Rural electrification came about in thespirit of cooperation, and electric cooperatives play a vital role in the state today. As an electric cooperative member, here are five key points you should know about your co-op that sets it apart.

1) You are a consumer-member
Electric cooperatives are owned and democratically controlled by their members – the people who purchase the power. With voting power, you have a voice in how your co-op operates, by attending annual meetings and electing directors to represent you.

2) Consumer-members earn capital credits
An electric cooperative exists to provide its members with electric service – on a nonprofit basis. Capital credits reflect each member’s ownership in the coop. Electric cooperatives do not earn profits. Instead, based on a member’s electrical use, the remaining revenue after all expenses are paid will be returned to the member.

Capital credits are allocated to each member based on electrical usage.
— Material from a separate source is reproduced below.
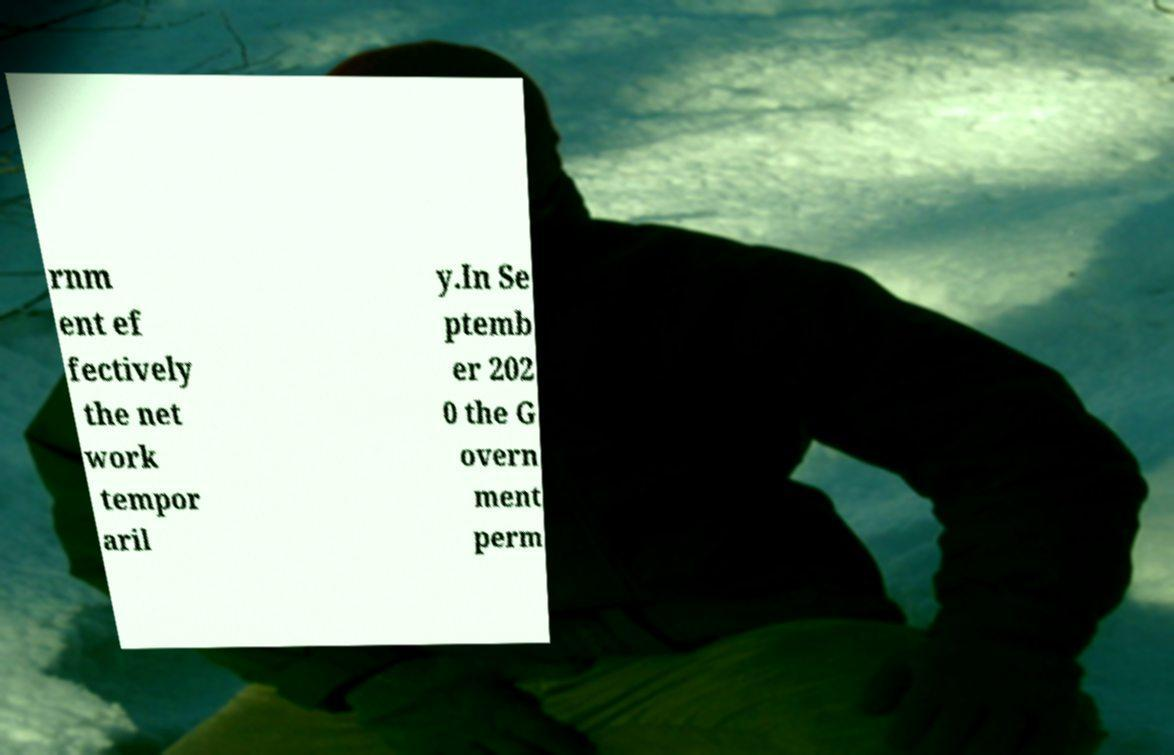Please identify and transcribe the text found in this image. rnm ent ef fectively the net work tempor aril y.In Se ptemb er 202 0 the G overn ment perm 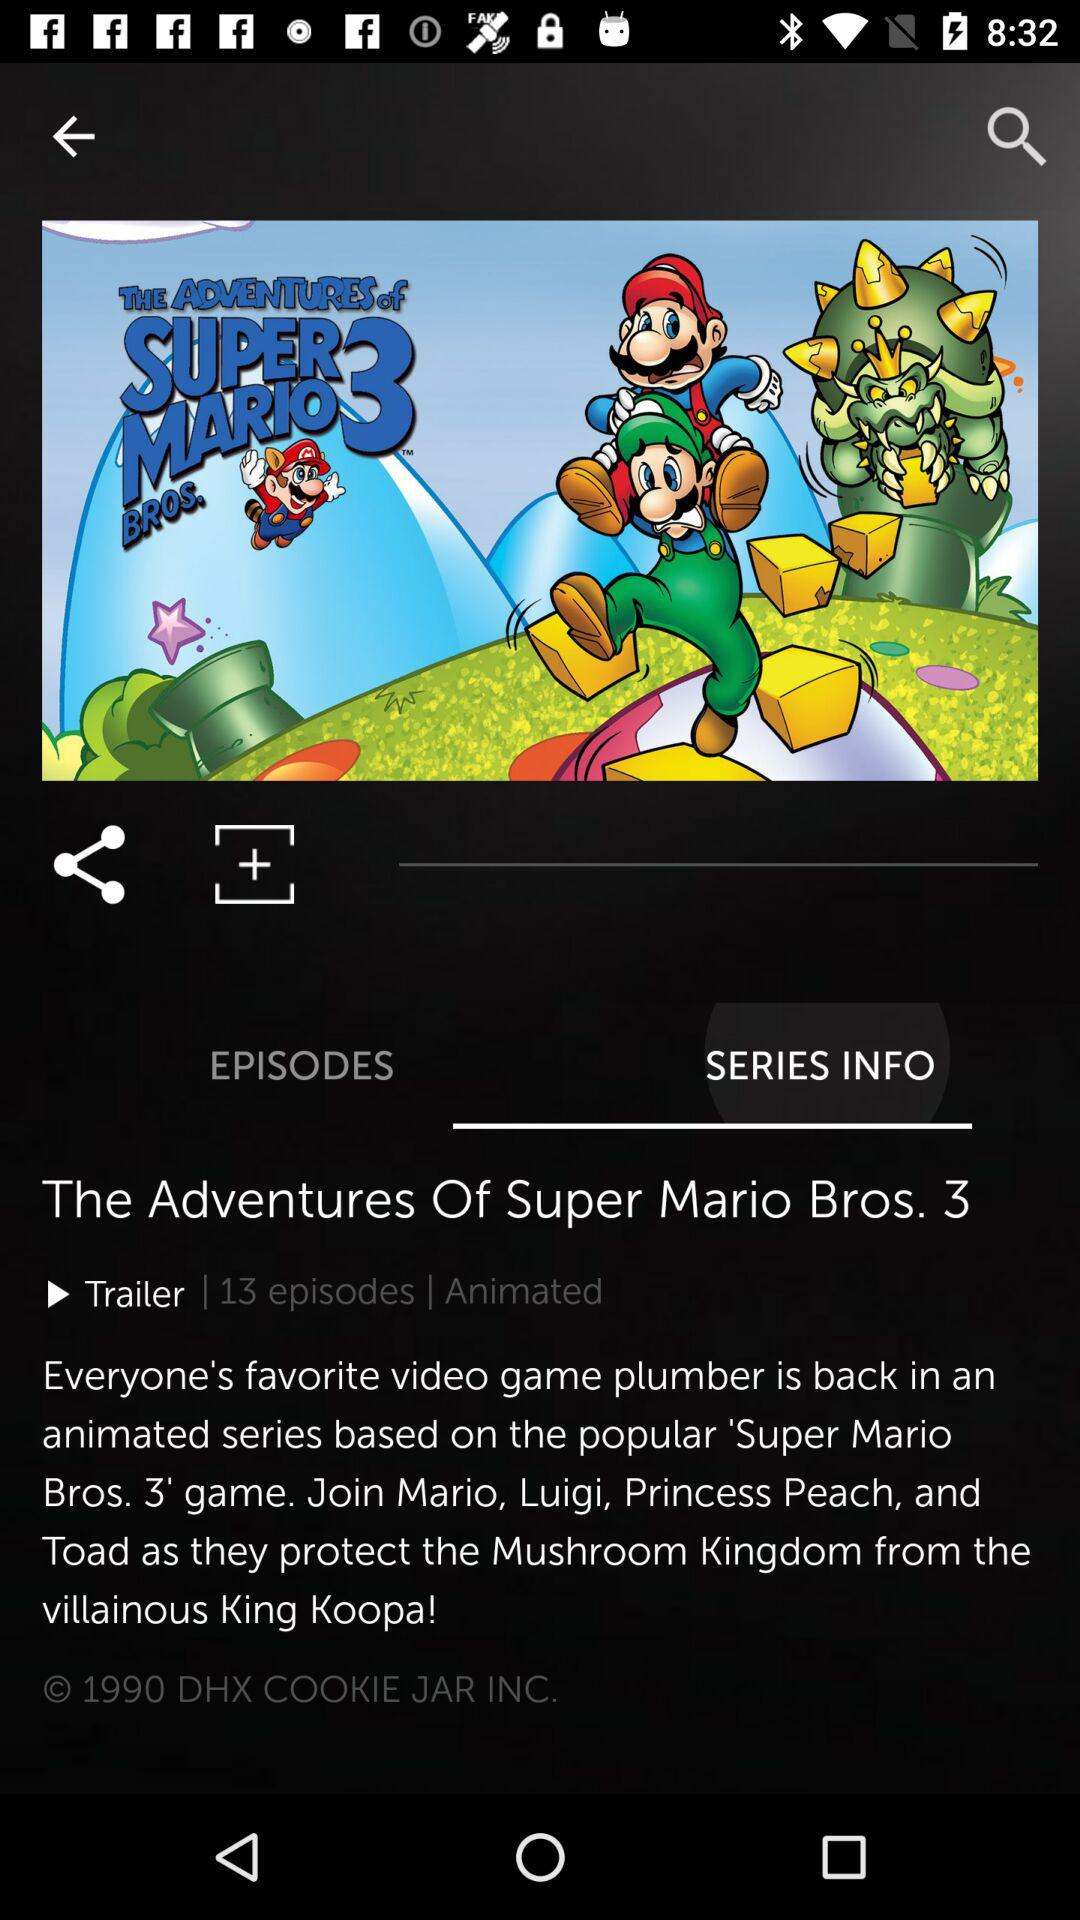Which tab am I on? You are on "SERIES INFO" tab.

Those capital credits are the most significant source of equity for the cooperative. Equity is used to help meet the expenses of the co-op, such as paying for new equipment to serve members and repaying debt. Capital credits help keep rates at an affordable level by reducing the amount of funds that must be borrowed to grow and maintain a cooperative’s existing electric system. Upon completion of the rotation period, the board of directors will review the cooperative’s financial health and can declare a retirement (your cash payment), and a portion of your capital credits are returned to you.

3) Your cooperative is nonprofit
Electric cooperatives developed because many citizens who did not have access to electricity in the 1940s decided to band together and form their own companies to acquire power. Investor-owned power companies said they couldn’t make a profit in areas with a small number of consumers per mile of expensive power line.

The cooperative business structure was already a well-established part of the American free enterprise system for providing services that were too big for individuals to do alone. Nonprofit cooperatives were natural for distributing electricity in areas where making a profit would be difficult. A co-op exists to provide high-quality service at the lowest possible price to its members.

4) You elect the directors
Since members own the electric cooperative that serves them, members elect representatives to the board. Members maintain democratic control of a co-op, which means they elect fellow members to represent them on the board of directors.

5) Your cooperative cares about your community
North Dakota’s electric cooperatives are continually involved in the communities they serve, from delivering more power to the oil boom to offering scholarships to college-bound students. As one narrator notes: “When the electric co-ops were born, something much bigger happened. For when we turned the lights on, we helped democratize the American dream for the people, families, farms, ranches, and businesses of rural America.”

That dream continues as cooperatives help develop the communities they serve.